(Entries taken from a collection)
▬▬▬▬▬▬

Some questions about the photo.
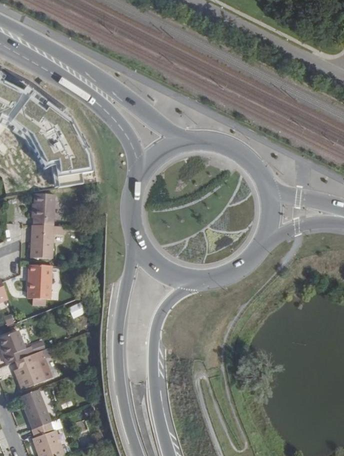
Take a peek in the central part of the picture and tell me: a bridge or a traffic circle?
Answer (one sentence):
The one visible in the central part of the picture is a traffic circle.
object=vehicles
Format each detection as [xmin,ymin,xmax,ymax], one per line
[138,240,148,251]
[124,96,136,106]
[149,263,160,273]
[134,230,142,240]
[331,200,344,207]
[11,262,16,272]
[134,180,140,198]
[118,334,123,344]
[7,38,18,47]
[4,230,10,240]
[234,259,244,267]
[56,76,94,104]
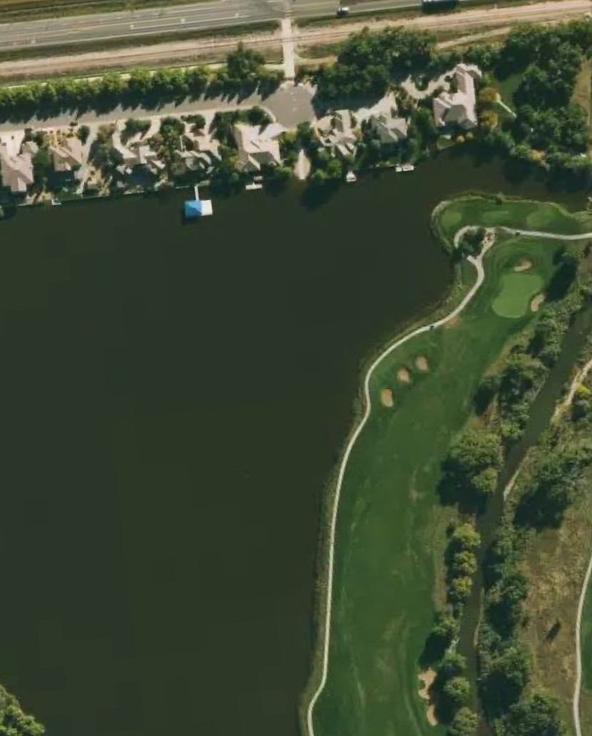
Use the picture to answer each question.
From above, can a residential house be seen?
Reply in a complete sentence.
Yes, there's a residential house down there.
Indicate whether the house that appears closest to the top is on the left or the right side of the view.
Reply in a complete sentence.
You can find the house that appears closest to the top on the right side of the picture.
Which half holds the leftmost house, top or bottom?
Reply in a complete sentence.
The leftmost house sits in the top half of the picture.
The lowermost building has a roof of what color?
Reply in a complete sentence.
The roof over the lowermost building appears blue.
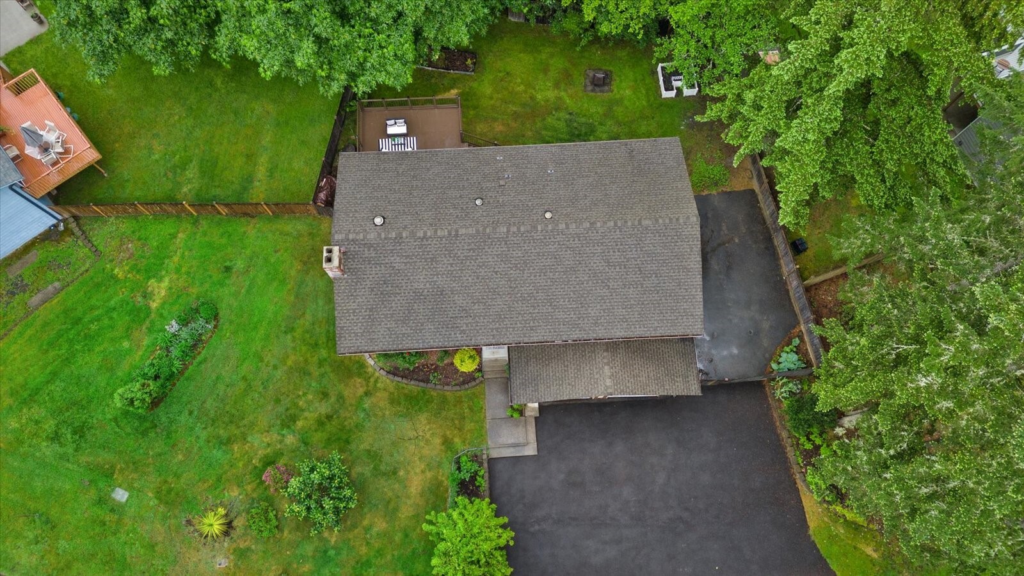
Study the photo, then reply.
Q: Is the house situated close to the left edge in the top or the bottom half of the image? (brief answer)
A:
top
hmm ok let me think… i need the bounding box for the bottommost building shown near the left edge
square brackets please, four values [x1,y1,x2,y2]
[0,141,62,259]
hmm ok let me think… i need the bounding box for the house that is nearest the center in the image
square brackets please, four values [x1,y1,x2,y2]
[323,137,705,405]
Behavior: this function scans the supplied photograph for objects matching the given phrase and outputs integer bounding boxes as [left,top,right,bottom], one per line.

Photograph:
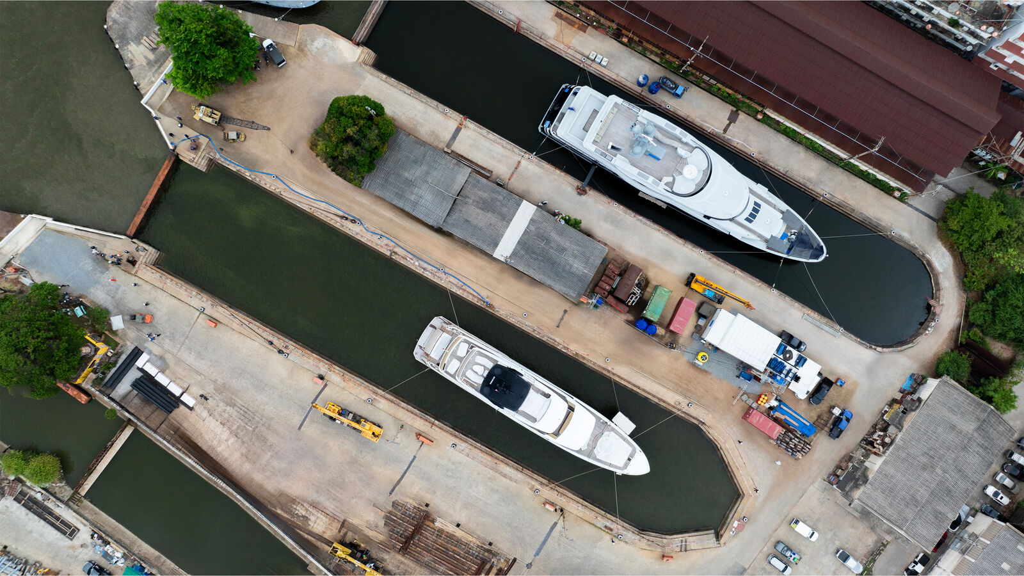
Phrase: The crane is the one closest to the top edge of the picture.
[191,103,272,132]
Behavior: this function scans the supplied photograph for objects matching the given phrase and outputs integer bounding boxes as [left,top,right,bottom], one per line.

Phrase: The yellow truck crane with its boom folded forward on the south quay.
[310,400,385,442]
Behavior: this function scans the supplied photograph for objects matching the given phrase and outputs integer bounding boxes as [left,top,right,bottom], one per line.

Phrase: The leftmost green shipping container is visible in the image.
[641,284,672,322]
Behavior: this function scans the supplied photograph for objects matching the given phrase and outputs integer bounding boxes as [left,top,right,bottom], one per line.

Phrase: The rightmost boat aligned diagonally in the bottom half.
[413,316,650,475]
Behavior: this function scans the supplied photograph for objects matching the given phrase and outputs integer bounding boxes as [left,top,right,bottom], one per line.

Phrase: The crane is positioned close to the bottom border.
[328,539,389,576]
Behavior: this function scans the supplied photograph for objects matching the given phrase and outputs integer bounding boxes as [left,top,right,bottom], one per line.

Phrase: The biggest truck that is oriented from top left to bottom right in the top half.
[262,39,287,69]
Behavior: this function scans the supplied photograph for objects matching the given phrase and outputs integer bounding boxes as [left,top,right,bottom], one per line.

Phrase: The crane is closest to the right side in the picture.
[683,273,756,310]
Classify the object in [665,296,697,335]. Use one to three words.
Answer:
shipping container
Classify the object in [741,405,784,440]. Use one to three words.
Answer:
shipping container
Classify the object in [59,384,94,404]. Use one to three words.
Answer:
ship
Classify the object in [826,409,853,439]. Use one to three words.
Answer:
truck
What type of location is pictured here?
port
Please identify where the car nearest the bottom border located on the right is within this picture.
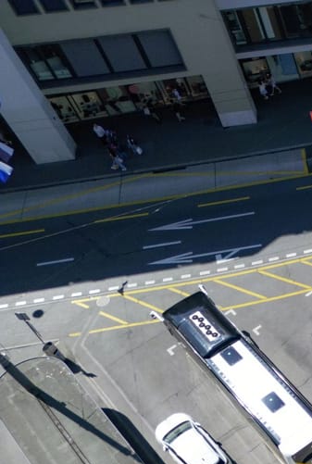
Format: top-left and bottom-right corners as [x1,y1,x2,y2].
[159,413,229,464]
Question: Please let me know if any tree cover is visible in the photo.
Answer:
No
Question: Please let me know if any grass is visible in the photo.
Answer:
No
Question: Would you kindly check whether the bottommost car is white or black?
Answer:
white
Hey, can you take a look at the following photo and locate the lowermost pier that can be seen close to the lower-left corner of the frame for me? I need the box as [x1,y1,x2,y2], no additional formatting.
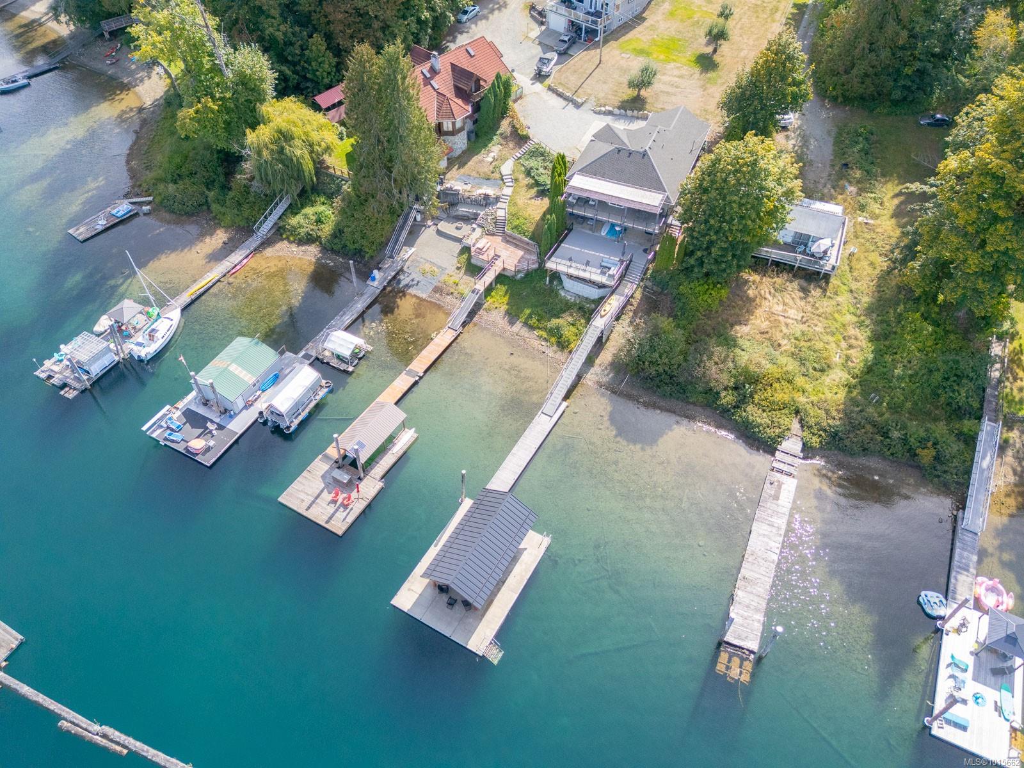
[0,621,25,666]
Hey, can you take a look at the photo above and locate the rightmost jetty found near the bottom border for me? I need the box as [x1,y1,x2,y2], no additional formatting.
[920,603,1024,767]
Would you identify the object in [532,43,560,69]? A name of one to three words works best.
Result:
boat
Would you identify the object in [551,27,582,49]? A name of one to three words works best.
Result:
truck
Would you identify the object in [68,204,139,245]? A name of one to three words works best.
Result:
pier

▬▬▬▬▬▬

◆ **What you should do**
Now transcribe all the entries above exactly, so that no picture is carried over.

◆ **Output**
Some questions about the photo.
Take a peek in the central part of the picture and tell me: a bridge or a traffic circle?
Answer (one sentence):
The one visible in the central part of the picture is a traffic circle.
object=vehicles
Format each detection as [xmin,ymin,xmax,ymax], one per line
[138,240,148,251]
[124,96,136,106]
[149,263,160,273]
[134,230,142,240]
[331,200,344,207]
[11,262,16,272]
[134,180,140,198]
[118,334,123,344]
[7,38,18,47]
[4,230,10,240]
[234,259,244,267]
[56,76,94,104]
Use the picture to answer each question.
From above, can a residential house be seen?
Reply in a complete sentence.
Yes, there's a residential house down there.
Indicate whether the house that appears closest to the top is on the left or the right side of the view.
Reply in a complete sentence.
You can find the house that appears closest to the top on the right side of the picture.
Which half holds the leftmost house, top or bottom?
Reply in a complete sentence.
The leftmost house sits in the top half of the picture.
The lowermost building has a roof of what color?
Reply in a complete sentence.
The roof over the lowermost building appears blue.
Study the photo, then reply.
Q: Is the house situated close to the left edge in the top or the bottom half of the image? (brief answer)
A:
top
hmm ok let me think… i need the bounding box for the bottommost building shown near the left edge
square brackets please, four values [x1,y1,x2,y2]
[0,141,62,259]
hmm ok let me think… i need the bounding box for the house that is nearest the center in the image
square brackets please, four values [x1,y1,x2,y2]
[323,137,705,405]
Behavior: this function scans the supplied photograph for objects matching the given phrase and outputs integer bounding boxes as [left,top,right,bottom], one per line.

Photograph:
Phrase: The crane is the one closest to the top edge of the picture.
[191,103,272,132]
Behavior: this function scans the supplied photograph for objects matching the given phrase and outputs integer bounding boxes as [left,top,right,bottom], one per line.

Phrase: The yellow truck crane with its boom folded forward on the south quay.
[310,400,385,442]
Behavior: this function scans the supplied photograph for objects matching the given phrase and outputs integer bounding boxes as [left,top,right,bottom], one per line.

Phrase: The leftmost green shipping container is visible in the image.
[641,284,672,322]
Behavior: this function scans the supplied photograph for objects matching the given phrase and outputs integer bounding boxes as [left,top,right,bottom], one per line.

Phrase: The rightmost boat aligned diagonally in the bottom half.
[413,316,650,475]
Behavior: this function scans the supplied photograph for objects matching the given phrase and outputs integer bounding boxes as [left,top,right,bottom], one per line.

Phrase: The crane is positioned close to the bottom border.
[328,539,389,576]
Behavior: this function scans the supplied photograph for objects matching the given phrase and outputs integer bounding boxes as [left,top,right,bottom], one per line.

Phrase: The biggest truck that is oriented from top left to bottom right in the top half.
[262,39,287,69]
Behavior: this function scans the supplied photograph for objects matching the given phrase and outputs integer bounding boxes as [left,top,right,bottom], one per line.

Phrase: The crane is closest to the right side in the picture.
[683,273,756,310]
Classify the object in [665,296,697,335]. Use one to three words.
Answer:
shipping container
Classify the object in [741,405,784,440]. Use one to three words.
Answer:
shipping container
Classify the object in [59,384,94,404]. Use one to three words.
Answer:
ship
Classify the object in [826,409,853,439]. Use one to three words.
Answer:
truck
What type of location is pictured here?
port
Please identify where the car nearest the bottom border located on the right is within this picture.
Format: top-left and bottom-right corners as [x1,y1,x2,y2].
[159,413,229,464]
Question: Please let me know if any tree cover is visible in the photo.
Answer:
No
Question: Please let me know if any grass is visible in the photo.
Answer:
No
Question: Would you kindly check whether the bottommost car is white or black?
Answer:
white
Hey, can you take a look at the following photo and locate the lowermost pier that can be seen close to the lower-left corner of the frame for me? I need the box as [x1,y1,x2,y2], no additional formatting.
[0,621,25,666]
Hey, can you take a look at the photo above and locate the rightmost jetty found near the bottom border for me? I need the box as [x1,y1,x2,y2], no additional formatting.
[920,603,1024,767]
Would you identify the object in [532,43,560,69]? A name of one to three words works best.
Result:
boat
Would you identify the object in [551,27,582,49]? A name of one to three words works best.
Result:
truck
Would you identify the object in [68,204,139,245]? A name of one to three words works best.
Result:
pier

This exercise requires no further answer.